Project Compagnon Immo




Compagnon Immo
Instruction: Develop a solution that allows home buyers to explore and compare different territories in terms of real estate prices, demographics, transport, services, education, crime, and economy. The application must provide Data Visualization, enabling users to create rankings and visualize the relative strengths and weaknesses of territories. The overall goal is to help buyers make informed decisions by translating complex and numerous data into useful and accessible information.
Architecture
- Python: main language for data collection and processing.
- Pandas: data manipulation and cleaning.
- Scikit-learn: regression and models for price per m² estimation.
- Time series: evolution models (e.g. regularized regression, ARIMA/Prophet, LSTM)
- Matplotlib, Seaborn, Plotly: visualization of trends and metrics.
- Jupyter Notebook: interactive environment for exploration and documentation of analyses.
- Interface: Streamlit for an accessible dashboard.
- ETL: normalization of sources (INSEE, DVF, OpenData)
Compagnon Immo is an academic project carried out as part of my Data Scientist training, as a capstone project. The goal is to develop a solution that allows home buyers to explore and compare different territories in terms of real estate prices, demographics, transport, services, and economy. The application provides interactive Data Visualization, enabling rankings and visualization of the relative strengths and weaknesses of territories.
This project may present some imperfections, linked to the progressive skill development during the training. The quality and output reflect an iterative learning process, with the intention of applying data science tools and methods in a realistic context.
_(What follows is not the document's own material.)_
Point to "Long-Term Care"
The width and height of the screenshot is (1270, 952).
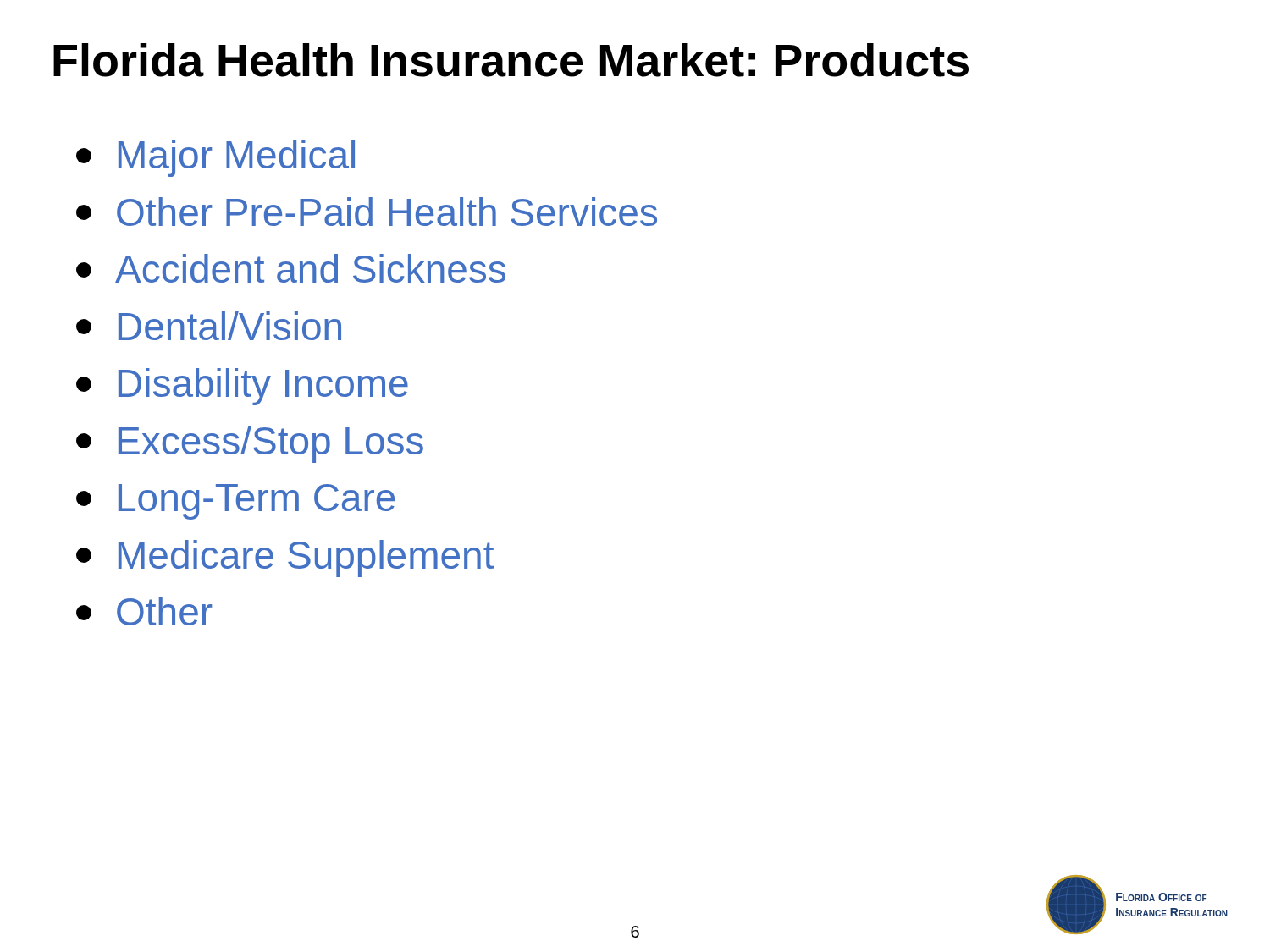pos(236,498)

The multiplicity of criteria (price, mobility, education, safety, employment, services) makes the comparison of territories difficult for a non-specialist buyer. Data sources are heterogeneous (formats, granularities, periodicities), and reliable aggregation requires solid standardization. The challenge is to unify this data, weight the criteria according to user preferences, and then expose indicators that are readable to guide the choice.
The solution is based on a complete data science approach, combining exploration, processing, and modeling of data. The goal is to transform heterogeneous data into clear indicators and reliable predictions to help buyers compare territories and estimate property prices.
- EDA & Visualization: exploratory data analysis to understand distributions, correlations, and trends, with interactive charts and thematic maps.
- ETL: retrieval, cleaning, and integration of data from various sources (real estate prices, demographics, transport, services, crime, economy).
- Data understanding: highlighting key variables influencing price per m² and local market evolution.
- Modeling: linear regression for initial price estimation and evolution.
- Advanced models testing: experimentation with more complex techniques such as bagging, stacking, and deep learning approaches to improve accuracy.
- Output: presentation of results in an interactive dashboard, allowing users to compare territories and obtain actionable insights.
Key Features
- Streamlit - Interactive UI
- Jupyter Notebook - EDA
- ETL - Data collection & cleaning
- Plotly / Seaborn - Visualizations
- Scikit-learn - Regression & ML
- Time Series - ARIMA / Prophet / LSTM